Work request
Search the listing below for the string "each", then copy every line it appears in.

Input material
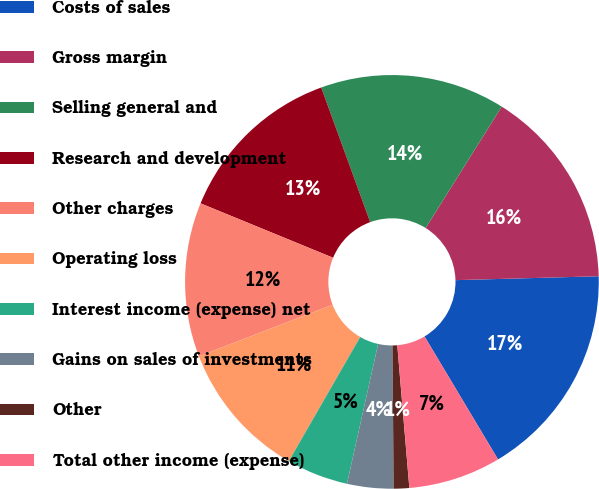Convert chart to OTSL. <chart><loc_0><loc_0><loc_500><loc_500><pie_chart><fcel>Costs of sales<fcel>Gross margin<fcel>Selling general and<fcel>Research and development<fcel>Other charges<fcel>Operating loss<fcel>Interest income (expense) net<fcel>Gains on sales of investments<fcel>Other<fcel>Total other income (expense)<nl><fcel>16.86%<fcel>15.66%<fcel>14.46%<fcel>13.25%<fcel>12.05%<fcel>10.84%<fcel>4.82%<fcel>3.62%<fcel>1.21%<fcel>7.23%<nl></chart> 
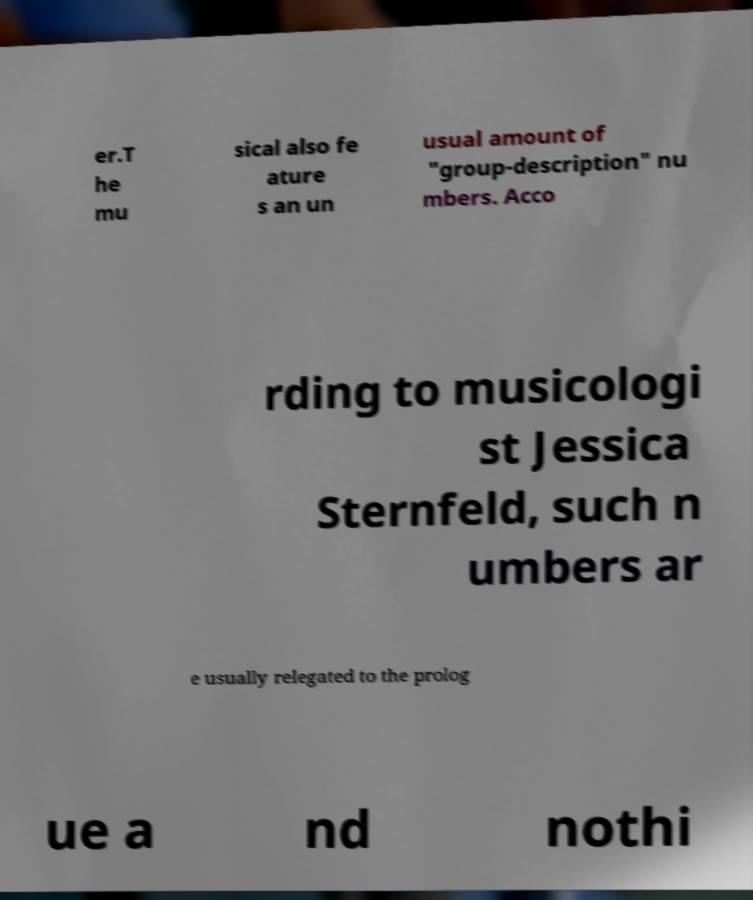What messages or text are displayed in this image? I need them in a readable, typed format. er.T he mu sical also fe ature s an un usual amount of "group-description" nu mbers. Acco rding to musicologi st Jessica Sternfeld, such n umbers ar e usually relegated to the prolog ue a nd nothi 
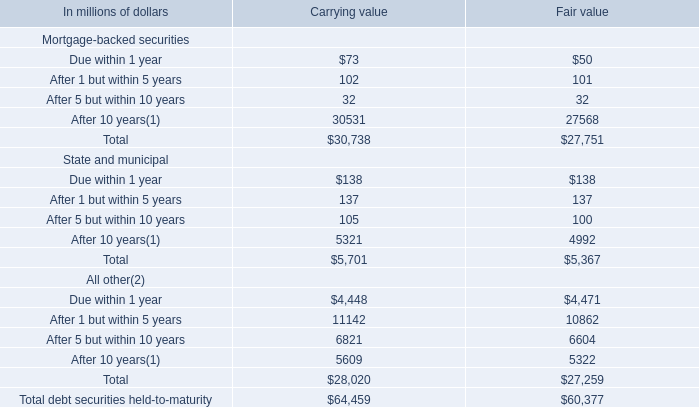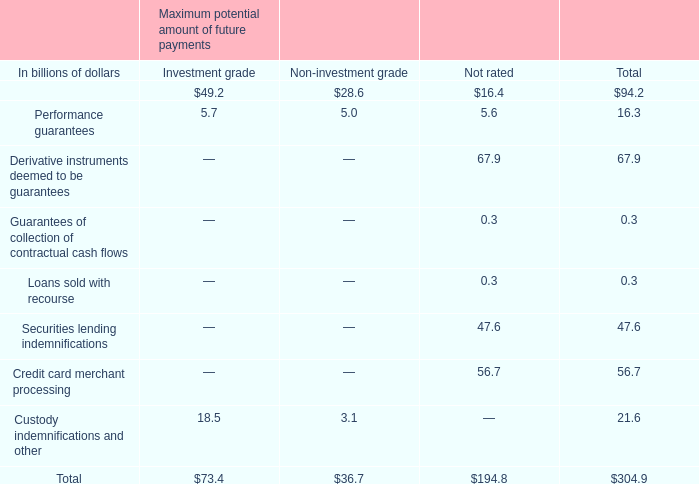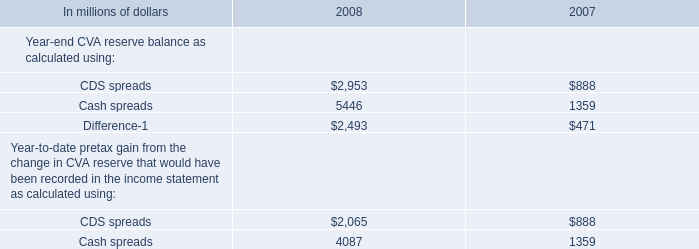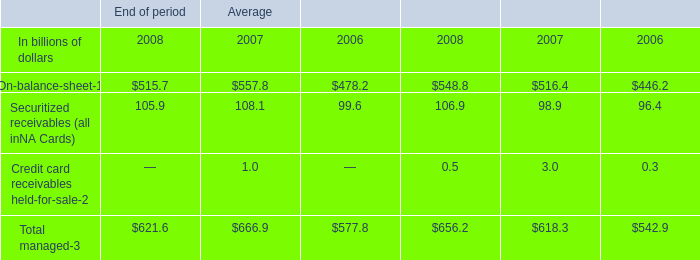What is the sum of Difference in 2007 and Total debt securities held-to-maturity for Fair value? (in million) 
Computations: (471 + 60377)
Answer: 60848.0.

--

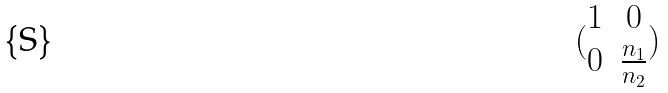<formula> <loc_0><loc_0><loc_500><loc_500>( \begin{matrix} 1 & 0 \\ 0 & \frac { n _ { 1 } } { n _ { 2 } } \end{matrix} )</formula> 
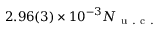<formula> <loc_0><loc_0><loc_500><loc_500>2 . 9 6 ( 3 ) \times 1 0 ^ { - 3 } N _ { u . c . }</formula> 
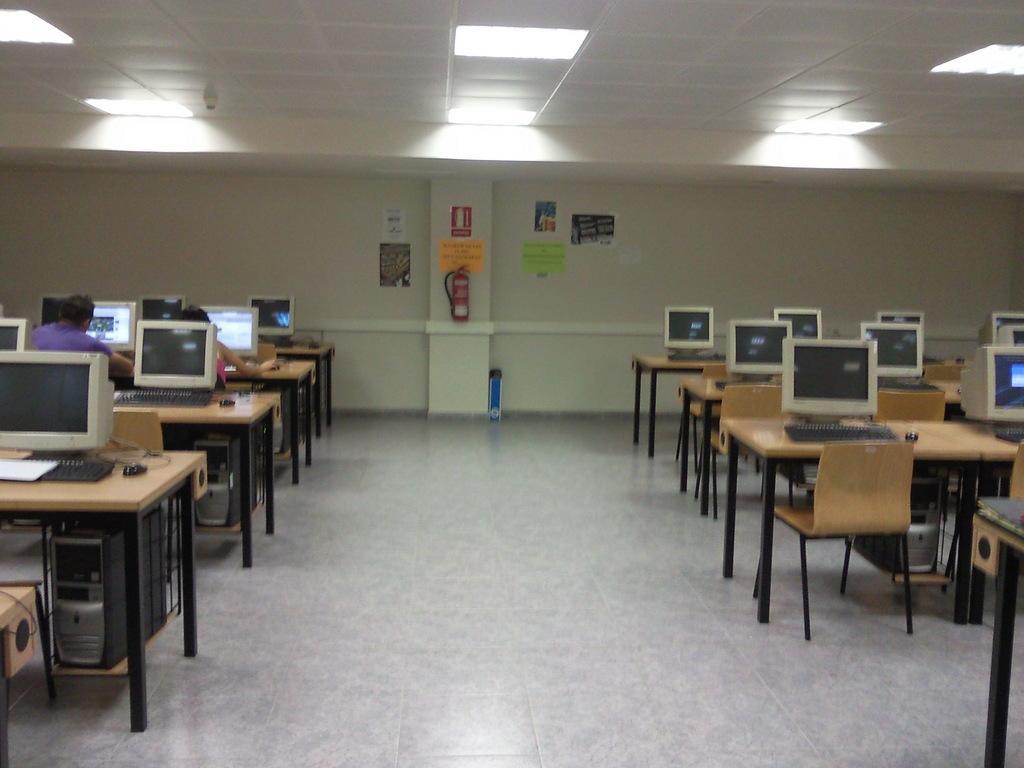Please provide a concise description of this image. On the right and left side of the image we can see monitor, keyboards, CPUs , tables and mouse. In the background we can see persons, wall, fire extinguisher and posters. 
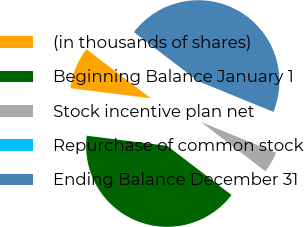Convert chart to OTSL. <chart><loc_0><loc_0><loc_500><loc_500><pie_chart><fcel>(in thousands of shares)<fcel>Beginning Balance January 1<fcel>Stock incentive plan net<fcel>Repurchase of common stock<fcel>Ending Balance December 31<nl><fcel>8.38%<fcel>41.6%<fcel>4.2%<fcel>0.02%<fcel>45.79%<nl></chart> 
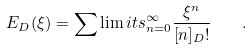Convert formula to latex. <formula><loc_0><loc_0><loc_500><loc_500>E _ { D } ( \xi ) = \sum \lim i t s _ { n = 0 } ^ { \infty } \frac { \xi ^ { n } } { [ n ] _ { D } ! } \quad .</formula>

==

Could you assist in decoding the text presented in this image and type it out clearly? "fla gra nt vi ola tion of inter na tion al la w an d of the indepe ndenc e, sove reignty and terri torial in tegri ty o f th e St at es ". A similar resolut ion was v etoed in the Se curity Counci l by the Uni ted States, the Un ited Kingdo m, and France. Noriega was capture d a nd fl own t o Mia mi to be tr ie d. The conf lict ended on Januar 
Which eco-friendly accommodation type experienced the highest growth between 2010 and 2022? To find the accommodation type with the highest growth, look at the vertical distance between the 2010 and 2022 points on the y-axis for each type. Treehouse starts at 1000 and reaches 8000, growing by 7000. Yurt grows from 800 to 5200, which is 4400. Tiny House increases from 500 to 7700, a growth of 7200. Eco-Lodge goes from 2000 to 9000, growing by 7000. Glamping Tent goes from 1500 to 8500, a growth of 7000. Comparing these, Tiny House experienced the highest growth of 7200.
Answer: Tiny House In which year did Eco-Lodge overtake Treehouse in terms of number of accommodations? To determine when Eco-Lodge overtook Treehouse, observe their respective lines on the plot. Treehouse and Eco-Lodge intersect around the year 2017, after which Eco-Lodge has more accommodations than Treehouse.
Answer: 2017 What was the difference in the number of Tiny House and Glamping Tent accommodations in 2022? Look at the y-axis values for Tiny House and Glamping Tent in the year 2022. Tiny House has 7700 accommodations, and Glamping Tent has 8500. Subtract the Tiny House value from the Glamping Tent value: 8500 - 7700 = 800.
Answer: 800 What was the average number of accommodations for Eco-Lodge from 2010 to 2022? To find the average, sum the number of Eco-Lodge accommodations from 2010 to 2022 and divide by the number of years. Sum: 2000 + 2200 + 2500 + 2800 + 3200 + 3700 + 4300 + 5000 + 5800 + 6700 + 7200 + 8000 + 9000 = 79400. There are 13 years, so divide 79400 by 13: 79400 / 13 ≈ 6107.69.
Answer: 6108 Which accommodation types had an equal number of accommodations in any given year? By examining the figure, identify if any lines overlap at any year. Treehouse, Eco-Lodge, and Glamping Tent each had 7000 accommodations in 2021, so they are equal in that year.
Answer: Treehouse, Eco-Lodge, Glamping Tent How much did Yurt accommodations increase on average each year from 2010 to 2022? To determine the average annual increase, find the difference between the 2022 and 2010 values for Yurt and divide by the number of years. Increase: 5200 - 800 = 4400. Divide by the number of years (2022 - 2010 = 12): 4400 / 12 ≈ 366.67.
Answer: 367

Response below
Which eco-friendly accommodation type experienced the highest growth between 2010 and 2022? To find the accommodation type with the highest growth, look at the vertical distance between the 2010 and 2022 points on the y-axis for each type. Treehouse starts at 1000 and reaches 8000, growing by 7000. Yurt grows from 800 to 5200, which is 4400. Tiny House increases from 500 to 7700, a growth of 7200. Eco-Lodge goes from 2000 to 9000, growing by 7000. Glamping Tent goes from 1500 to 8500, a growth of 7000. Comparing these, Tiny House experienced the highest growth of 7200.
Answer: 6108 Which accommodation types had an equal number of accommodations in any given year? By examining the figure, identify if any lines overlap at any year. Treehouse, Eco-Lodge, and Glamping Tent each had 7000 accommodations in 2021, so they are equal in that year.
Answer: Treehouse, Eco-Lodge, Glamping Tent How much did Yurt accommodations increase on average each year from 2010 to 2022? To determine the average annual increase, find the difference between the 2022 and 2010 values for Yurt and divide by the number of years. Increase: 5200 - 800 = 4400. Divide by the number of years (2022 - 2010 = 12): 4400 / 12 ≈ 366.67.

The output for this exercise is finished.